Material provided:
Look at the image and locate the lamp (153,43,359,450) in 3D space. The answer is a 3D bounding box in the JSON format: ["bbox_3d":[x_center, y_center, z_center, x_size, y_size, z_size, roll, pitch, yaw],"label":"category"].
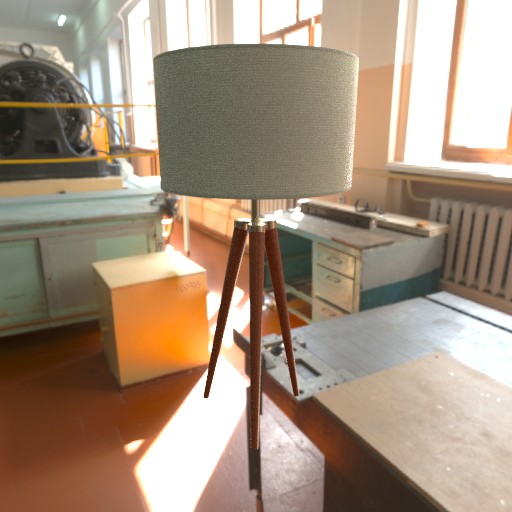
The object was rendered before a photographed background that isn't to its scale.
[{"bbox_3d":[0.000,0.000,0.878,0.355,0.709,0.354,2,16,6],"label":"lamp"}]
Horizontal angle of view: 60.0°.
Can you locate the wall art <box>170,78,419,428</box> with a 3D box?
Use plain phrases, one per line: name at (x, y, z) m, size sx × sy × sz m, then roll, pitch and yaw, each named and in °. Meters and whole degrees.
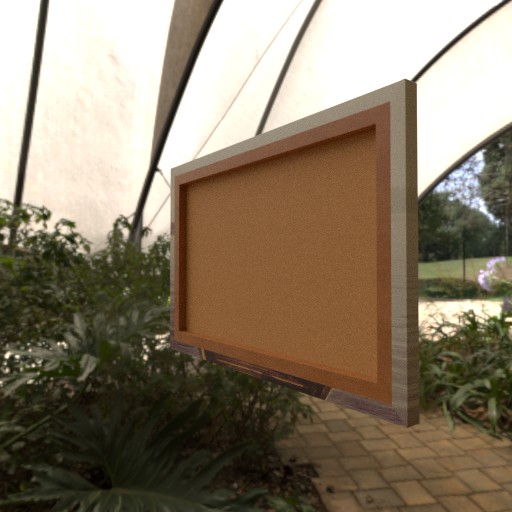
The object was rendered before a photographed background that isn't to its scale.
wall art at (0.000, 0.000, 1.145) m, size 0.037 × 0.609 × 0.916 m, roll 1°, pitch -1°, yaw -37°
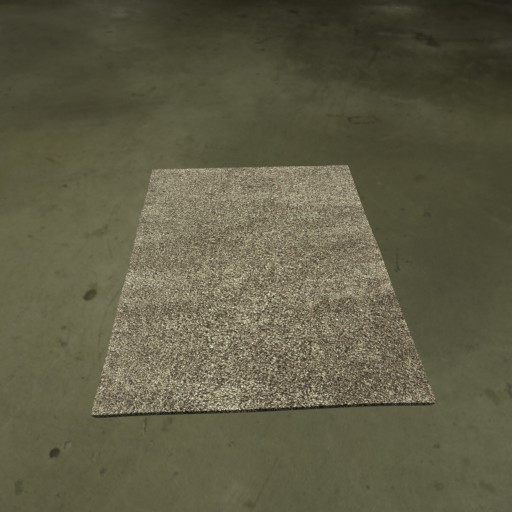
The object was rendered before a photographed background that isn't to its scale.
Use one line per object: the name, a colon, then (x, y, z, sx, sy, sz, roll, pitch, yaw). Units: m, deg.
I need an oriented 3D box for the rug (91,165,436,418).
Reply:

---

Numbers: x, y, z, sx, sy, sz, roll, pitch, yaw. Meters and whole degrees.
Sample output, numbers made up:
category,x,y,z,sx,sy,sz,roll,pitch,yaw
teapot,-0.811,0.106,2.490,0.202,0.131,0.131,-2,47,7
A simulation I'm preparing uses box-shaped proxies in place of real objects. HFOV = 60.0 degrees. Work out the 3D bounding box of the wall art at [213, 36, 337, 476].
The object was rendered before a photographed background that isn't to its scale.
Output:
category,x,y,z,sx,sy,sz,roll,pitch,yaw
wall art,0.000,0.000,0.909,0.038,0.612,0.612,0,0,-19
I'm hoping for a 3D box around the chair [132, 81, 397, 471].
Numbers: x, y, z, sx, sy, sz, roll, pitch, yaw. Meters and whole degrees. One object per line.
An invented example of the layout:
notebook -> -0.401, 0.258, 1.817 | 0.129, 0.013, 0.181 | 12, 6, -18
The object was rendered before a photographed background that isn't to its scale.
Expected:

* * *

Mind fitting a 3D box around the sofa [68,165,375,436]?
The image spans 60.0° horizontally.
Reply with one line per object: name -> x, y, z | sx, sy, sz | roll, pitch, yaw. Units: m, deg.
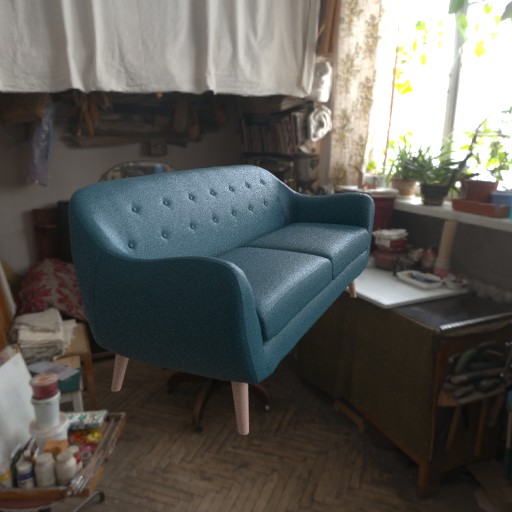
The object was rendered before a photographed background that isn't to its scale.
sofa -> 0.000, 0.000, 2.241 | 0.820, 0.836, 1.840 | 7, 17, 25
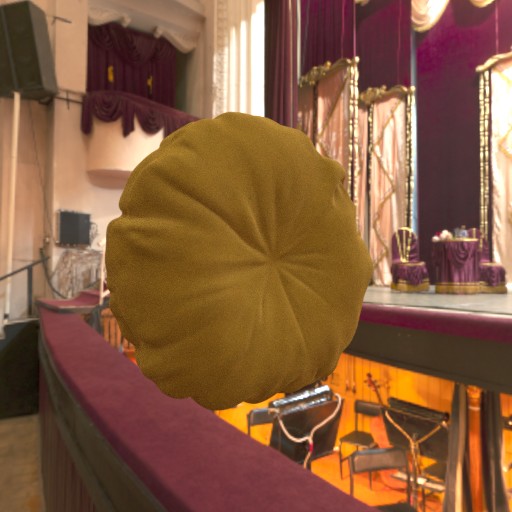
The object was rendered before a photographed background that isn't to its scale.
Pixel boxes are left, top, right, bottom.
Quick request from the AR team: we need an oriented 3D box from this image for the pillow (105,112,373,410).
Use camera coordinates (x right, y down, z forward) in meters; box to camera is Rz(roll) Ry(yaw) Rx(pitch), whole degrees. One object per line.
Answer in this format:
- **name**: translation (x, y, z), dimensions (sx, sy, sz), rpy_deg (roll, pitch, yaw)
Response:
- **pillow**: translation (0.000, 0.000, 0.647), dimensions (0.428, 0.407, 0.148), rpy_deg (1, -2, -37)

What is needed: Count the lines in these records that hold the string "right". Only the number is wanted.

Response: 2